* Task prompt
Among the entries below, find the lines that hold the word "andamento" and report them.

* Extracted data
####

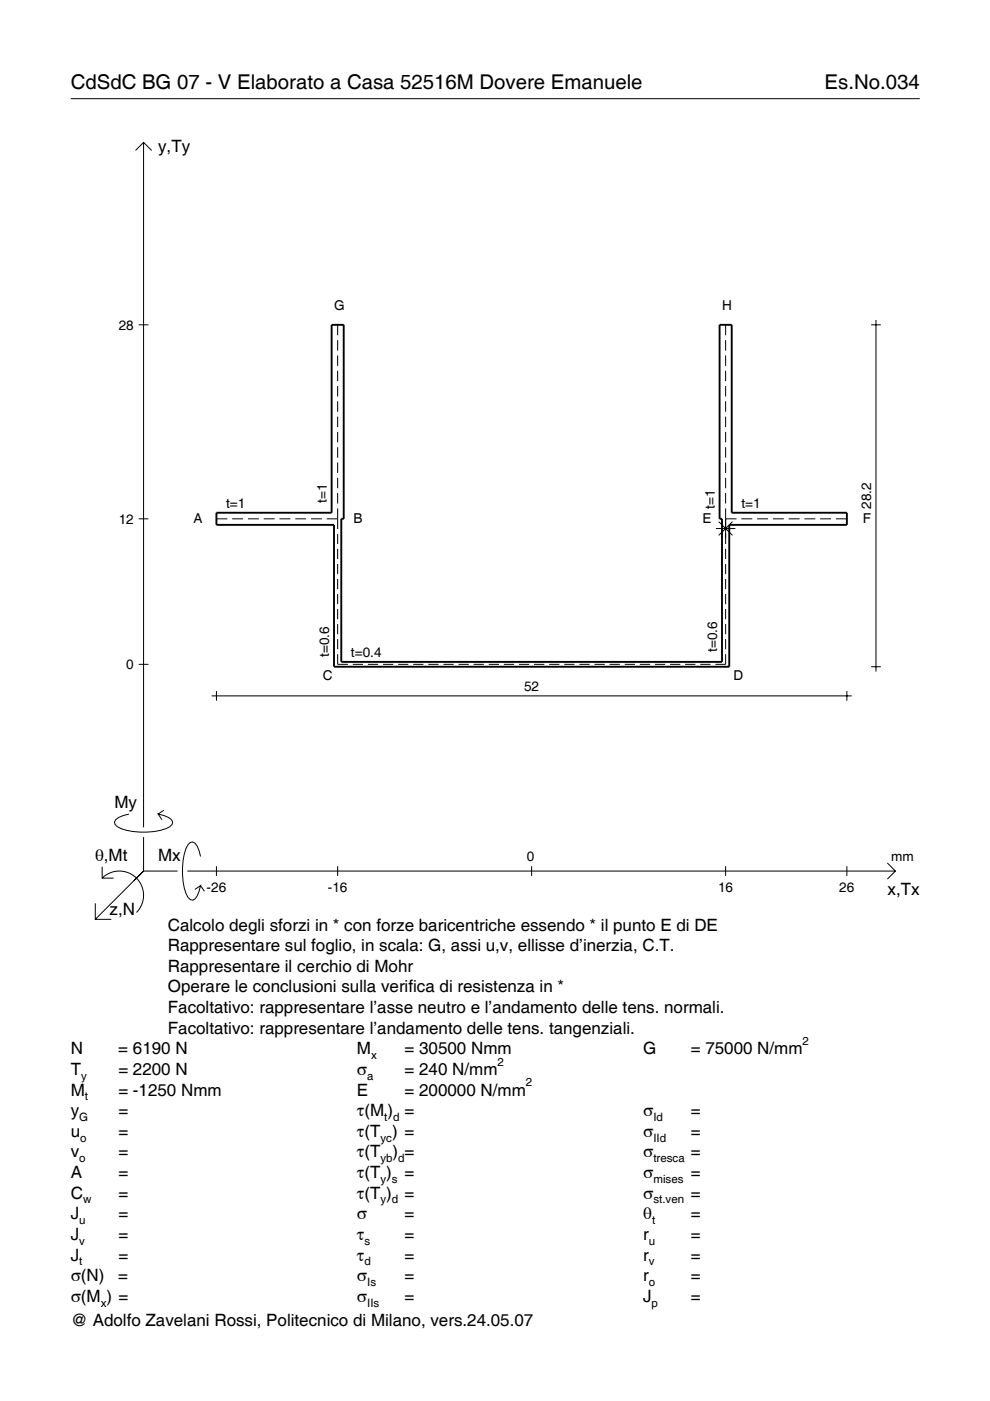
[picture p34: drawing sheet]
<svg xmlns="http://www.w3.org/2000/svg" width="210mm" height="297mm" viewBox="0 0 210 297" stroke-linecap="round" stroke-linejoin="round" font-family="sans-serif">
<defs><g id="words">
<g font-size="4.3">
<text x="15" y="18.9">CdSdC BG 07 - V Elaborato a Casa 52516M Dovere Emanuele</text>
<text x="174.8" y="18.9">Es.No.034</text>
</g>
<g font-size="3.6">
<text x="33.5" y="32.3">y,Ty</text>
<text x="24.3" y="171.3">My</text>
<text x="20.1" y="182.6">θ,Mt</text>
<text x="33.5" y="182.6">Mx</text>
<text x="188.2" y="189.8">x,Tx</text>
<text x="23.2" y="193.9">z,N</text>
<text x="35.6" y="197.3">Calcolo degli sforzi in * con forze baricentriche essendo * il punto E di DE</text>
<text x="35.6" y="201.7">Rappresentare sul foglio, in scala: G, assi u,v, ellisse d’inerzia, C.T.</text>
<text x="35.6" y="206">Rappresentare il cerchio di Mohr</text>
<text x="35.6" y="210.4">Operare le conclusioni sulla verifica di resistenza in *</text>
<text x="35.6" y="214.8">Facoltativo: rappresentare l’asse neutro e l’andamento delle tens. normali.</text>
<text x="35.6" y="219.2">Facoltativo: rappresentare l’andamento delle tens. tangenziali.</text>
<text x="15" y="223.5">N</text>
<text x="15" y="227.9">T</text>
<text x="25.1" y="223.5">= 6190 N</text>
<text x="25.1" y="227.9">= 2200 N</text>
<text x="75.7" y="227.9">σ</text>
<text x="75.7" y="223.5">M</text>
<text x="85.8" y="223.5">= 30500 Nmm</text>
<text x="85.8" y="227.9">= 240 N/mm</text>
<text x="136.4" y="223.5">G</text>
<text x="146.5" y="223.5">= 75000 N/mm</text>
<text x="15" y="232.3">M</text>
<text x="25.1" y="232.3">= -1250 Nmm</text>
<text x="75.7" y="232.3">E</text>
<text x="85.8" y="232.3">= 200000 N/mm</text>
<text x="15" y="236.7">y</text>
<text x="25.1" y="236.7">=</text>
<text x="75.7" y="236.7">τ(M ) =</text>
<text x="136.4" y="236.7">σ</text>
<text x="146.5" y="236.7">=</text>
<text x="15" y="241">u</text>
<text x="15" y="245.4">v</text>
<text x="25.1" y="241">=</text>
<text x="25.1" y="245.4">=</text>
<text x="75.7" y="241">τ(T ) =</text>
<text x="75.7" y="245.4">τ(T</text>
<text x="83.3" y="245.4">) =</text>
<text x="136.4" y="241">σ</text>
<text x="136.4" y="245.4">σ</text>
<text x="146.5" y="241">=</text>
<text x="146.5" y="245.4">=</text>
<text x="15" y="249.8">A</text>
<text x="25.1" y="249.8">=</text>
<text x="75.7" y="249.8">τ(T )</text>
<text x="85.8" y="249.8">=</text>
<text x="136.4" y="249.8">σ</text>
<text x="146.5" y="249.8">=</text>
<text x="15" y="254.2">C</text>
<text x="25.1" y="254.2">=</text>
<text x="75.7" y="254.2">τ(T )</text>
<text x="85.8" y="254.2">=</text>
<text x="136.4" y="254.2">σ</text>
<text x="146.5" y="254.2">=</text>
<text x="15" y="258.5">J</text>
<text x="15" y="262.9">J</text>
<text x="25.1" y="258.5">=</text>
<text x="25.1" y="262.9">=</text>
<text x="75.7" y="258.5">σ</text>
<text x="75.7" y="262.9">τ</text>
<text x="85.8" y="258.5">=</text>
<text x="85.8" y="262.9">=</text>
<text x="136.4" y="258.5">θ</text>
<text x="136.4" y="262.9">r</text>
<text x="146.5" y="258.5">=</text>
<text x="146.5" y="262.9">=</text>
<text x="15" y="267.3">J</text>
<text x="25.1" y="267.3">=</text>
<text x="75.7" y="267.3">τ</text>
<text x="85.8" y="267.3">=</text>
<text x="136.4" y="267.3">r</text>
<text x="146.5" y="267.3">=</text>
<text x="15" y="271.7">σ(N)</text>
<text x="25.1" y="271.7">=</text>
<text x="75.7" y="271.7">σ</text>
<text x="85.8" y="271.7">=</text>
<text x="136.4" y="271.7">r</text>
<text x="146.5" y="271.7">=</text>
<text x="15" y="281.2">@ Adolfo Zavelani Rossi, Politecnico di Milano, vers.24.05.07</text>
<text x="15" y="276">σ(M ) =</text>
<text x="75.7" y="276">σ</text>
<text x="85.8" y="276">=</text>
<text x="136.4" y="276">J</text>
<text x="146.5" y="276">=</text>
</g>
<g font-size="2.9">
<text x="70.8" y="65.6">G</text>
<text x="153.1" y="65.6">H</text>
<text x="25.2" y="69.9">28</text>
<text x="47.9" y="107.7">t=1</text>
<text x="69.3" y="106.7" transform="rotate(-90 69.3 106.7)">t=1</text>
<text x="151.5" y="107.9" transform="rotate(-90 151.5 107.9)">t=1</text>
<text x="157.2" y="107.7">t=1</text>
<text x="184.7" y="107.9" transform="rotate(-90 184.7 107.9)">28.2</text>
<text x="25.2" y="111">12</text>
<text x="41" y="110.9">A</text>
<text x="75" y="110.9">B</text>
<text x="149" y="110.9">E</text>
<text x="182.9" y="110.9">F</text>
<text x="26.8" y="141.9">0</text>
<text x="69.8" y="139.3" transform="rotate(-90 69.8 139.3)">t=0.6</text>
<text x="74.4" y="139.3">t=0.4</text>
<text x="152" y="138.3" transform="rotate(-90 152 138.3)">t=0.6</text>
<text x="68.4" y="144.2">C</text>
<text x="111.1" y="146.5">52</text>
<text x="155.5" y="144.2">D</text>
<text x="111.7" y="182.6">0</text>
<text x="189" y="182.6">mm</text>
<text x="43.8" y="189.1">-26</text>
<text x="69.5" y="189.1">-16</text>
<text x="152.2" y="189.1">16</text>
<text x="178" y="189.1">26</text>
</g>
<g font-size="2.4">
<text x="170.2" y="221.5">2</text>
<text x="78.7" y="224.5">x</text>
<text x="105.5" y="225.9">2</text>
<text x="17.2" y="228.9">y</text>
<text x="18" y="233.3">t</text>
<text x="77.9" y="228.9">a</text>
<text x="111.5" y="230.3">2</text>
<text x="16.8" y="237.7">G</text>
<text x="81.5" y="237.7">t d</text>
<text x="138.5" y="237.7">Id</text>
<text x="17" y="242">o</text>
<text x="80.7" y="242">yc</text>
<text x="138.5" y="242">IId</text>
<text x="16.8" y="246.4">o</text>
<text x="80.7" y="246.4">yb d</text>
<text x="80.7" y="250.8">y s</text>
<text x="138.5" y="246.4">tresca</text>
<text x="138.5" y="250.8">mises</text>
<text x="17.6" y="255.2">w</text>
<text x="80.7" y="255.2">y d</text>
<text x="138.5" y="255.2">st.ven</text>
<text x="16.8" y="259.5">u</text>
<text x="16.8" y="263.9">v</text>
<text x="77.3" y="263.9">s</text>
<text x="137.6" y="263.9">u</text>
<text x="138.2" y="259.5">t</text>
<text x="16.8" y="268.3">t</text>
<text x="77.3" y="268.3">d</text>
<text x="137.6" y="268.3">v</text>
<text x="77.9" y="272.7">Is</text>
<text x="137.6" y="272.7">o</text>
<text x="21.4" y="277">x</text>
<text x="77.9" y="277">IIs</text>
<text x="138.2" y="277">p</text>
</g>
</g></defs>
<g fill="none" stroke="#000" stroke-width=".21">
<path d="M15 20.9h180M28.7 31.9l1.7-1.7 1.8 1.7M30.4 30.2v145.2M29.4 68.9h2.1M71.6 68.9v2.2M71.6 72.1v2.2M71.6 75.4v2.2M71.6 78.6v2.2M153.8 68.9v2.2M153.8 72.1v2.2M153.8 75.4v2.2M153.8 78.6v2.2"/>
<path d="M184.7 68.9h2.1M185.7 67.8v74.6M71.6 81.8v2.3M71.6 85.1v2.2M71.6 88.3v2.2M71.6 91.6v2.2M71.6 94.8v2.2M71.6 98.1v2.2M153.8 81.8v2.3M153.8 85.1v2.2M153.8 88.3v2.2M153.8 91.6v2.2"/>
<path d="M153.8 94.8v2.2M153.8 98.1v2.2M29.4 110h2.1M45.9 110h2.3M49.2 110h2.3M52.6 110h2.3M55.9 110h2.3M59.2 110h2.4M62.6 110h2.3M65.9 110h2.3M69.3 110h2.3M71.6 101.3v2.2"/>
<path d="M71.6 104.5v2.3M71.6 107.8v4.4M71.6 113.2v2.1M71.6 116.4v2.1M71.6 119.6v2.1M151.8 112.1h4.1M152.4 110.6l2.9 2.9M153.8 110h2.4M153.8 101.3v2.2M153.8 104.5v2.3M153.8 107.8v7.5M153.8 116.4v2.1"/>
<path d="M153.8 119.6v2.1M155.3 110.6l-2.9 2.9M157.2 110h2.3M160.5 110h2.3M163.9 110h2.3M167.2 110h2.3M170.6 110h2.3M173.9 110h2.3M177.2 110h2.4M71.6 138.7v2.2h2.2M71.6 122.8v2.1M71.6 125.9v2.2"/>
<path d="M71.6 129.1v2.2M71.6 132.3v2.2M71.6 135.5v2.2M153.8 138.7v2.2h-2.1M153.8 122.8v2.1M153.8 125.9v2.2M153.8 129.1v2.2M153.8 132.3v2.2M153.8 135.5v2.2M29.4 140.9h2.1M44.9 147.5h135.7M45.9 146.5v2.1"/>
<path d="M74.8 140.9h2.2M78 140.9h2.2M81.2 140.9h2.2M84.4 140.9h2.2M87.6 140.9h2.2M90.8 140.9h2.2M94 140.9h2.2M97.2 140.9h2.2M100.4 140.9h2.2M103.6 140.9h2.2M106.8 140.9h2.2M110 140.9h2.2"/>
<path d="M113.2 140.9h2.2M116.4 140.9h2.2M119.6 140.9h2.2M122.8 140.9h2.2M126 140.9h2.2M129.2 140.9h2.2M132.5 140.9h2.1M135.7 140.9h2.1M138.9 140.9h2.1M142.1 140.9h2.1M145.3 140.9h2.1M148.5 140.9h2.1"/>
<path d="M179.6 146.5v2.1M184.7 141.4h2.1M27.3 172.6a3.6 3.6 0 0 0-3 1.7l.1 .5a5.7 5.7 0 0 0 3.8 1.5 13.3 13.3 0 0 0 7.8-1l.5-.5 .1-.5a3.6 3.6 0 0 0-3.1-1.7l.8 1.2M30.4 177.5v7.2M34.7 171.8l-1.2 .8M20.2 191.5v3.4h3.4M21.7 186.2a5.1 5.1 0 0 1 7.2 0 5.1 5.1 0 0 1 0 7.3M21.7 183.8v2.4h2.4M30.4 184.7l-10.2 10.2M30.4 184.7l-2 2M30.4 184.7h7.2M39.7 184.7h150.1"/>
<path d="M42.5 181.6a3.6 3.6 0 0 0-1.7-3.1l-.5 .1a5.7 5.7 0 0 0-1.5 3.8 13.3 13.3 0 0 0 1 7.8l.5 .5 .5 .2a3.6 3.6 0 0 0 1.7-3.1l-1.2 .8M42.5 187.8l.8 1.2M45.9 183.7v2M71.6 183.7v2M112.7 183.7v2M153.8 183.7v2M179.6 183.7v2M188.1 183l1.7 1.7-1.7 1.7"/>
</g>
<path d="M70.3 68.9h2.6v41.1h-.5v30.3h80.7v-30.3h-.5v-41.1h2.5v39.8h24.5v2.6h-25v30.1h-83.8v-30.1h-24.9v-2.6h24.4z" fill="none" stroke="#000" stroke-width=".4"/>
<use href="#words"/>
</svg>

####

* Solution below
<text x="35.6" y="214.8">Facoltativo: rappresentare l’asse neutro e l’andamento delle tens. normali.</text>
<text x="35.6" y="219.2">Facoltativo: rappresentare l’andamento delle tens. tangenziali.</text>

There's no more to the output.